Yes, that is my impression that it should work fine to use different IP/MASK for the physical interfaces vs the VIP. For example R1: 192.168.0.1/24, R2: 192.168.0.2/24 and then the VIP: 10.0.0.1/24.

However you normally dont do that because you have a linknet between two sets of devices lets say firewall and router so you put the VIP within the same range as the physical interface, like so (example 169.254.1.0/29):

Downstream VIP:     169.254.1.1/29
Downstream Device1: 169.254.1.2/29
Downstream Device2: 169.254.1.3/29
Upstream Device2:   169.254.1.4/29
Upstream Device1:   169.254.1.5/29
Upstream VIP:       169.254.1.6/29

Where the design is the downstream devices have the lowest IP-addresses and the upstream devices have the highest. So in the above example a downstream device having a lets say default route it would point to 169.254.1.6 as nexthop. While the upstream device pointing out whatever network the downstream is having behind it would use 169.254.1.1 as nexthop.

The upstream/downstream hosts should normally only interact with the VIP address which gives that the physical addresses can very well be linklocal that is 169.254.1.0 - 169.254.254.255 (169.254.0.0/24 and 169.254.255.0/24 are reserved in RFC3927).

For example in my previous example they could be (dont forget to change hello-source-addressand peer-address if changing the physical IP addresses):

MGMT: eth0 (R1: 169.254.100.1/24, R2: 169.254.100.2/24)
SYNC: eth1 (R1: 169.254.101.1/24, R2: 169.254.101.2/24)
WAN:  eth2 (R1: 169.254.102.1/24, R2: 169.254.102.2/24)
DMZ:  eth3 (R1: 169.254.103.1/24, R2: 169.254.103.2/24)
LAN:  eth4 (R1: 169.254.104.1/24, R2: 169.254.104.2/24)

And then you use whatever IP-addresses you like as VIP in each VRRP-group.
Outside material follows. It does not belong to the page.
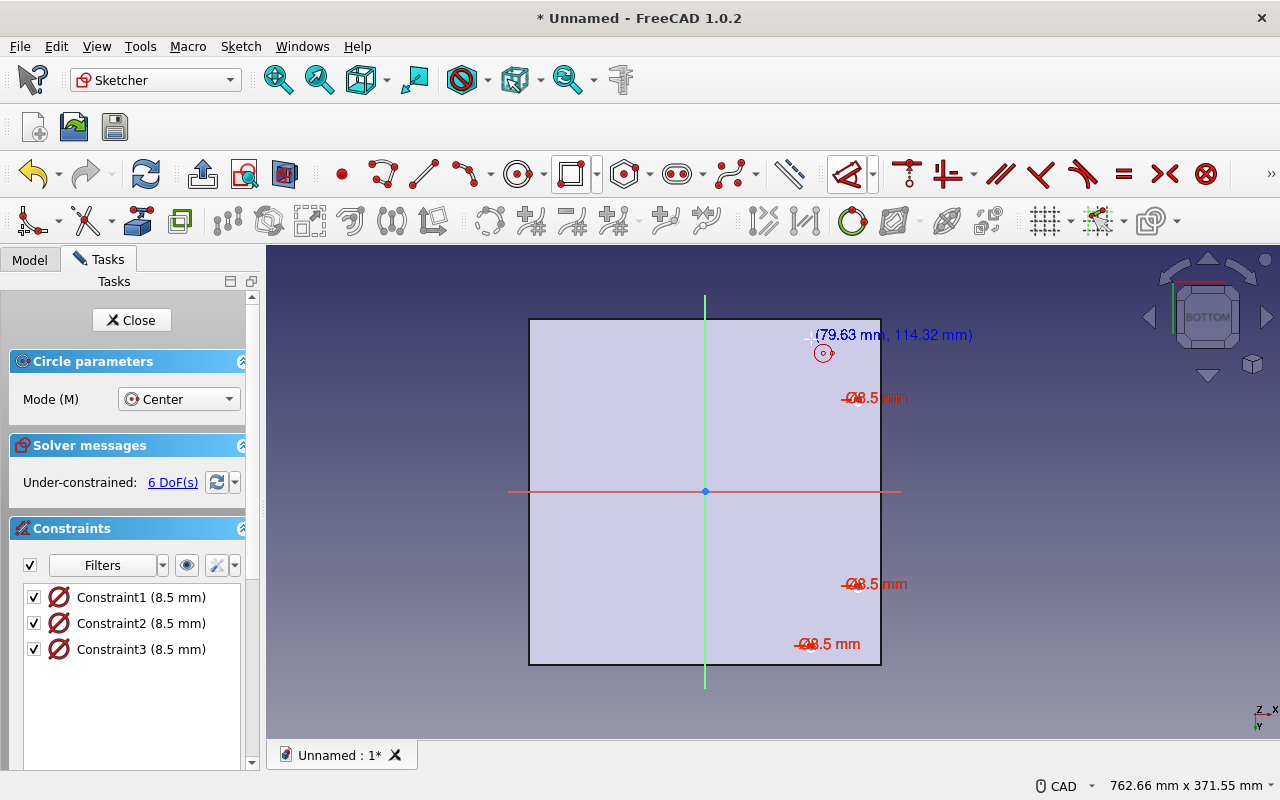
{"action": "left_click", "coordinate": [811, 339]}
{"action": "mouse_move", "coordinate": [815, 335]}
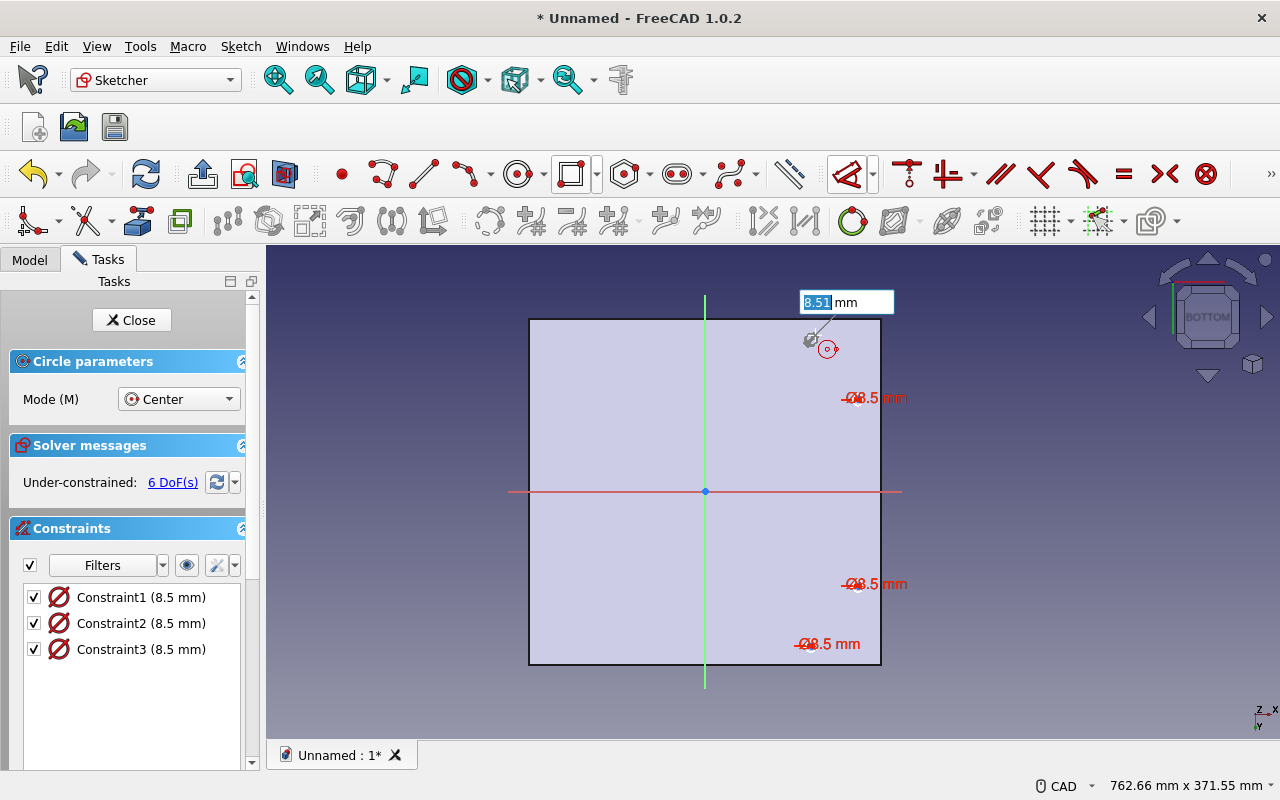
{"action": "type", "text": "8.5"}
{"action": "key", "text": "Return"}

I have been using the latest 1.5-rolling currently VyOS 1.5-rolling-202309130022. But the syntax should be same for 1.4-rolling that is from this year (or newer).

But when it comes to rolling I would recommend always use the latest (if you are on the rolling train) due to all the optimizations and fixes thats made to that. Or call it a day and just compile 1.3.3 yourself but then some new features and fixes will not exist in that.